Segment Start: Study material
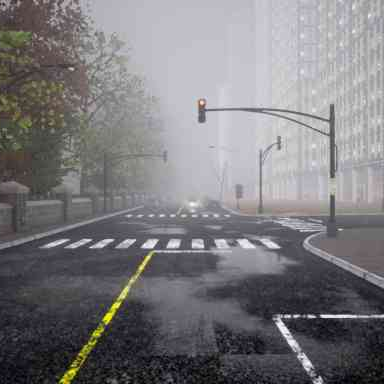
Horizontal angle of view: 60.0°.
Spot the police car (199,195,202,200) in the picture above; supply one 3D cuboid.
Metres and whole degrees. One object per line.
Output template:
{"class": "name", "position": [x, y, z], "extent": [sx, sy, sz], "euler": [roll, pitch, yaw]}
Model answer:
{"class": "police car", "position": [3.132, 1.478, 69.928], "extent": [1.930, 1.638, 5.238], "euler": [0, 0, 0]}

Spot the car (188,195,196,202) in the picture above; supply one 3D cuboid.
{"class": "car", "position": [-0.004, 1.570, 80.044], "extent": [1.837, 1.490, 4.892], "euler": [0, 0, 0]}

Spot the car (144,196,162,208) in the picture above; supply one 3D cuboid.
{"class": "car", "position": [-5.691, 1.608, 47.138], "extent": [1.802, 1.307, 4.206], "euler": [0, 0, 0]}

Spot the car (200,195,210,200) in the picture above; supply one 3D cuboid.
{"class": "car", "position": [2.689, 1.597, 52.771], "extent": [1.947, 1.339, 4.313], "euler": [0, 0, 0]}

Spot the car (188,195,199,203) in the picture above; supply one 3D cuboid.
{"class": "car", "position": [0.042, 1.566, 71.027], "extent": [2.128, 1.511, 4.902], "euler": [0, 0, 0]}

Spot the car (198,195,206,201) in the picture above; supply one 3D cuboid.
{"class": "car", "position": [2.688, 1.642, 92.197], "extent": [2.008, 1.369, 4.403], "euler": [0, 0, 0]}

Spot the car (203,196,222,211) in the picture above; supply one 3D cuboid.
{"class": "car", "position": [2.689, 1.587, 41.506], "extent": [1.947, 1.339, 4.313], "euler": [0, 0, 0]}

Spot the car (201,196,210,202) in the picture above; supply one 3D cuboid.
{"class": "car", "position": [3.146, 1.590, 76.818], "extent": [1.812, 1.442, 4.674], "euler": [0, 0, 0]}

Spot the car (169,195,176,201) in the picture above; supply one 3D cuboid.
{"class": "car", "position": [-5.692, 1.626, 86.565], "extent": [1.887, 1.381, 4.507], "euler": [0, 0, 0]}

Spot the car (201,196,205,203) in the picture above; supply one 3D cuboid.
{"class": "car", "position": [2.689, 1.592, 47.139], "extent": [1.947, 1.339, 4.313], "euler": [0, 0, 0]}

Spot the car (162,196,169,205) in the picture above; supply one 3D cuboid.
{"class": "car", "position": [-5.691, 1.478, 58.404], "extent": [1.967, 1.590, 4.097], "euler": [0, 0, 0]}
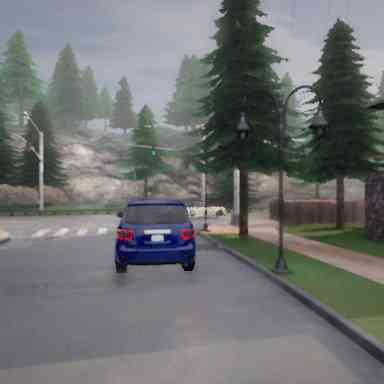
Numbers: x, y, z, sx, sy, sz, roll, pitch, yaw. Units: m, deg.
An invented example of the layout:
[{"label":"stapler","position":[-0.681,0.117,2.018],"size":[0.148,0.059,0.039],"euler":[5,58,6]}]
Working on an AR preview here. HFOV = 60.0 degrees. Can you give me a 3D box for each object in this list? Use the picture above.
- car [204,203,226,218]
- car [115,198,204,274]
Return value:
[{"label":"car","position":[0.442,1.418,25.789],"size":[4.718,1.301,1.895],"euler":[0,0,-38]},{"label":"car","position":[-1.252,1.214,10.764],"size":[2.150,2.045,5.566],"euler":[0,0,-9]}]
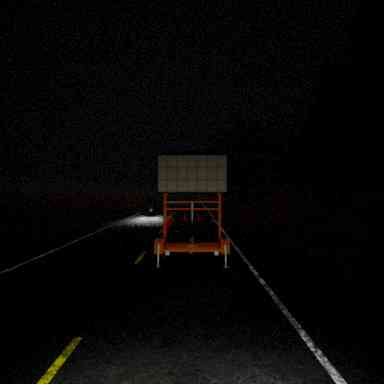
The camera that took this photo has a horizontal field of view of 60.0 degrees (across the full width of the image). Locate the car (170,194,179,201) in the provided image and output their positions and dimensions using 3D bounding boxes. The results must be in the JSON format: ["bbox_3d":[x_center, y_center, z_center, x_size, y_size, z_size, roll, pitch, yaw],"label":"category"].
[{"bbox_3d":[-3.491,1.075,61.527,1.994,1.385,4.181,0,1,0],"label":"car"}]

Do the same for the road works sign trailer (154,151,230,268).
[{"bbox_3d":[0.013,0.444,11.212,2.380,3.560,2.880,0,0,1],"label":"road works sign trailer"}]

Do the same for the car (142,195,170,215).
[{"bbox_3d":[-3.595,1.340,31.676,2.128,1.511,4.902,0,0,0],"label":"car"}]
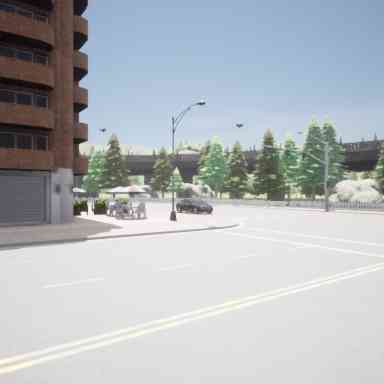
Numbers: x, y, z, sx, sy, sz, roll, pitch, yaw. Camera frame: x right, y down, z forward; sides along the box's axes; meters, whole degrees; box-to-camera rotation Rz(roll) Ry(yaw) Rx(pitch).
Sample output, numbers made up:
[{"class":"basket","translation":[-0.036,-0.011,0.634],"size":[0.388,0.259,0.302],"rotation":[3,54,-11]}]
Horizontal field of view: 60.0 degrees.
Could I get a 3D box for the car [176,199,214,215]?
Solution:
[{"class":"car","translation":[0.215,1.449,33.960],"size":[1.837,1.490,4.892],"rotation":[0,0,-36]}]
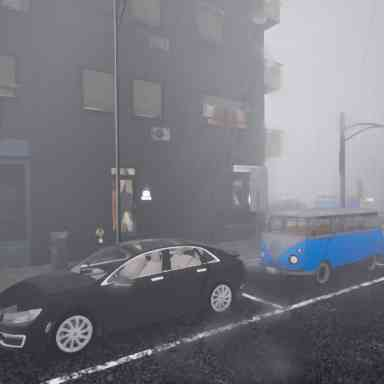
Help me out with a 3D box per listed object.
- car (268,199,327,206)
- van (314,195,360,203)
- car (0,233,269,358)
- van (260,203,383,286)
[{"bbox_3d":[7.928,1.540,26.694,1.895,1.301,4.718,-1,1,-38],"label":"car"},{"bbox_3d":[12.850,1.201,29.763,1.690,1.788,3.998,-1,1,-35],"label":"van"},{"bbox_3d":[-0.960,1.550,5.883,4.403,1.369,2.008,0,-1,-35],"label":"car"},{"bbox_3d":[3.602,1.339,9.133,3.998,1.788,1.690,0,-1,-35],"label":"van"}]
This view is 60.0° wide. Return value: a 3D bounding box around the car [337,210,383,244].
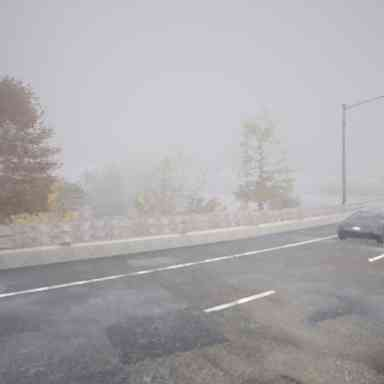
[{"bbox_3d":[8.779,1.595,16.240,4.181,1.385,1.994,0,0,-44],"label":"car"}]
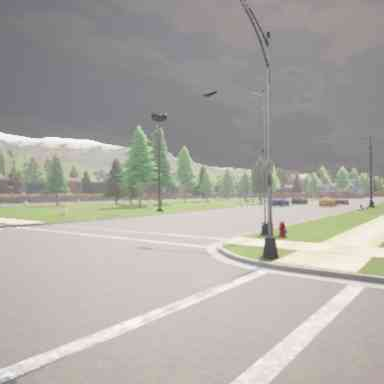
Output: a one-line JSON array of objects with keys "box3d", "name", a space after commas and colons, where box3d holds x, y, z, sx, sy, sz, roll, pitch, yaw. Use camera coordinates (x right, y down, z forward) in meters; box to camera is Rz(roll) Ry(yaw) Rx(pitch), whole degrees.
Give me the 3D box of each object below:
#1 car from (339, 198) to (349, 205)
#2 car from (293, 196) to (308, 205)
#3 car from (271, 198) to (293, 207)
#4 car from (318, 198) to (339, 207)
[{"box3d": [28.315, 1.771, 63.087, 1.895, 1.301, 4.718, -1, 0, 36], "name": "car"}, {"box3d": [20.984, 1.597, 64.890, 2.097, 1.767, 4.553, -1, 0, 36], "name": "car"}, {"box3d": [15.052, 1.720, 56.652, 1.882, 1.535, 5.008, -1, 0, 36], "name": "car"}, {"box3d": [22.223, 1.644, 54.632, 1.882, 1.535, 5.008, -1, 0, 35], "name": "car"}]
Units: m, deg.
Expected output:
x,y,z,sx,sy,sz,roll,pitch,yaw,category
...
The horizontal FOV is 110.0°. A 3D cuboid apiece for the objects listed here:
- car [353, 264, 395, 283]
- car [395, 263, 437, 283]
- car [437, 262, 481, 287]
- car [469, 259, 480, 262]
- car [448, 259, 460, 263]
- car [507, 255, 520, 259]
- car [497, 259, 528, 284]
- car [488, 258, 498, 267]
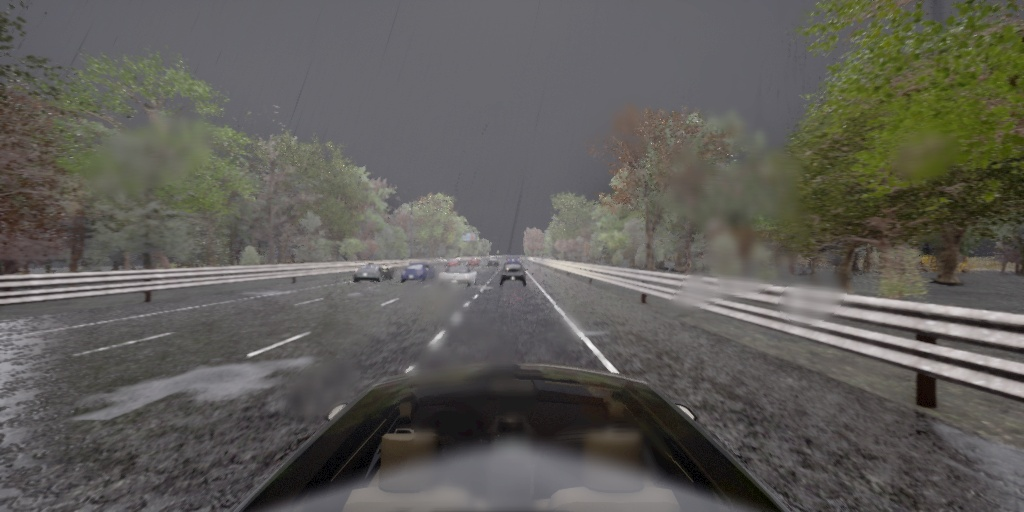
Segment End: Study material
(Exercise):
Only the pictures are to be omitted; the records above must otherwise be reproduced exactly.

(Response to this exercise):
Horizontal angle of view: 60.0°.
Spot the police car (199,195,202,200) in the picture above; supply one 3D cuboid.
Metres and whole degrees. One object per line.
Output template:
{"class": "name", "position": [x, y, z], "extent": [sx, sy, sz], "euler": [roll, pitch, yaw]}
Model answer:
{"class": "police car", "position": [3.132, 1.478, 69.928], "extent": [1.930, 1.638, 5.238], "euler": [0, 0, 0]}

Spot the car (188,195,196,202) in the picture above; supply one 3D cuboid.
{"class": "car", "position": [-0.004, 1.570, 80.044], "extent": [1.837, 1.490, 4.892], "euler": [0, 0, 0]}

Spot the car (144,196,162,208) in the picture above; supply one 3D cuboid.
{"class": "car", "position": [-5.691, 1.608, 47.138], "extent": [1.802, 1.307, 4.206], "euler": [0, 0, 0]}

Spot the car (200,195,210,200) in the picture above; supply one 3D cuboid.
{"class": "car", "position": [2.689, 1.597, 52.771], "extent": [1.947, 1.339, 4.313], "euler": [0, 0, 0]}

Spot the car (188,195,199,203) in the picture above; supply one 3D cuboid.
{"class": "car", "position": [0.042, 1.566, 71.027], "extent": [2.128, 1.511, 4.902], "euler": [0, 0, 0]}

Spot the car (198,195,206,201) in the picture above; supply one 3D cuboid.
{"class": "car", "position": [2.688, 1.642, 92.197], "extent": [2.008, 1.369, 4.403], "euler": [0, 0, 0]}

Spot the car (203,196,222,211) in the picture above; supply one 3D cuboid.
{"class": "car", "position": [2.689, 1.587, 41.506], "extent": [1.947, 1.339, 4.313], "euler": [0, 0, 0]}

Spot the car (201,196,210,202) in the picture above; supply one 3D cuboid.
{"class": "car", "position": [3.146, 1.590, 76.818], "extent": [1.812, 1.442, 4.674], "euler": [0, 0, 0]}

Spot the car (169,195,176,201) in the picture above; supply one 3D cuboid.
{"class": "car", "position": [-5.692, 1.626, 86.565], "extent": [1.887, 1.381, 4.507], "euler": [0, 0, 0]}

Spot the car (201,196,205,203) in the picture above; supply one 3D cuboid.
{"class": "car", "position": [2.689, 1.592, 47.139], "extent": [1.947, 1.339, 4.313], "euler": [0, 0, 0]}

Spot the car (162,196,169,205) in the picture above; supply one 3D cuboid.
{"class": "car", "position": [-5.691, 1.478, 58.404], "extent": [1.967, 1.590, 4.097], "euler": [0, 0, 0]}
Numbers: x, y, z, sx, sy, sz, roll, pitch, yaw. Units: m, deg.
An invented example of the layout:
[{"label":"stapler","position":[-0.681,0.117,2.018],"size":[0.148,0.059,0.039],"euler":[5,58,6]}]
Working on an AR preview here. HFOV = 60.0 degrees. Can you give me a 3D box for each object in this list? Use the picture above.
- car [204,203,226,218]
- car [115,198,204,274]
Return value:
[{"label":"car","position":[0.442,1.418,25.789],"size":[4.718,1.301,1.895],"euler":[0,0,-38]},{"label":"car","position":[-1.252,1.214,10.764],"size":[2.150,2.045,5.566],"euler":[0,0,-9]}]
The camera that took this photo has a horizontal field of view of 60.0 degrees (across the full width of the image). Locate the car (170,194,179,201) in the provided image and output their positions and dimensions using 3D bounding boxes. The results must be in the JSON format: ["bbox_3d":[x_center, y_center, z_center, x_size, y_size, z_size, roll, pitch, yaw],"label":"category"].
[{"bbox_3d":[-3.491,1.075,61.527,1.994,1.385,4.181,0,1,0],"label":"car"}]

Do the same for the road works sign trailer (154,151,230,268).
[{"bbox_3d":[0.013,0.444,11.212,2.380,3.560,2.880,0,0,1],"label":"road works sign trailer"}]

Do the same for the car (142,195,170,215).
[{"bbox_3d":[-3.595,1.340,31.676,2.128,1.511,4.902,0,0,0],"label":"car"}]
Numbers: x, y, z, sx, sy, sz, roll, pitch, yaw. Camera frame: x right, y down, z forward; sides along the box's axes; meters, whole degrees; box-to-camera rotation Rz(roll) Ry(yaw) Rx(pitch).
Sample output, numbers made up:
[{"class":"basket","translation":[-0.036,-0.011,0.634],"size":[0.388,0.259,0.302],"rotation":[3,54,-11]}]
Horizontal field of view: 60.0 degrees.
Could I get a 3D box for the car [176,199,214,215]?
Solution:
[{"class":"car","translation":[0.215,1.449,33.960],"size":[1.837,1.490,4.892],"rotation":[0,0,-36]}]
Help me out with a 3D box per listed object.
- car (268,199,327,206)
- van (314,195,360,203)
- car (0,233,269,358)
- van (260,203,383,286)
[{"bbox_3d":[7.928,1.540,26.694,1.895,1.301,4.718,-1,1,-38],"label":"car"},{"bbox_3d":[12.850,1.201,29.763,1.690,1.788,3.998,-1,1,-35],"label":"van"},{"bbox_3d":[-0.960,1.550,5.883,4.403,1.369,2.008,0,-1,-35],"label":"car"},{"bbox_3d":[3.602,1.339,9.133,3.998,1.788,1.690,0,-1,-35],"label":"van"}]
This view is 60.0° wide. Return value: a 3D bounding box around the car [337,210,383,244].
[{"bbox_3d":[8.779,1.595,16.240,4.181,1.385,1.994,0,0,-44],"label":"car"}]
Output: a one-line JSON array of objects with keys "box3d", "name", a space after commas and colons, where box3d holds x, y, z, sx, sy, sz, roll, pitch, yaw. Use camera coordinates (x right, y down, z forward) in meters; box to camera is Rz(roll) Ry(yaw) Rx(pitch), whole degrees.
Give me the 3D box of each object below:
#1 car from (339, 198) to (349, 205)
#2 car from (293, 196) to (308, 205)
#3 car from (271, 198) to (293, 207)
#4 car from (318, 198) to (339, 207)
[{"box3d": [28.315, 1.771, 63.087, 1.895, 1.301, 4.718, -1, 0, 36], "name": "car"}, {"box3d": [20.984, 1.597, 64.890, 2.097, 1.767, 4.553, -1, 0, 36], "name": "car"}, {"box3d": [15.052, 1.720, 56.652, 1.882, 1.535, 5.008, -1, 0, 36], "name": "car"}, {"box3d": [22.223, 1.644, 54.632, 1.882, 1.535, 5.008, -1, 0, 35], "name": "car"}]
Units: m, deg.
Expected output:
x,y,z,sx,sy,sz,roll,pitch,yaw,category
...
The horizontal FOV is 110.0°. A 3D cuboid apiece for the objects listed here:
- car [353, 264, 395, 283]
- car [395, 263, 437, 283]
- car [437, 262, 481, 287]
- car [469, 259, 480, 262]
- car [448, 259, 460, 263]
- car [507, 255, 520, 259]
- car [497, 259, 528, 284]
- car [488, 258, 498, 267]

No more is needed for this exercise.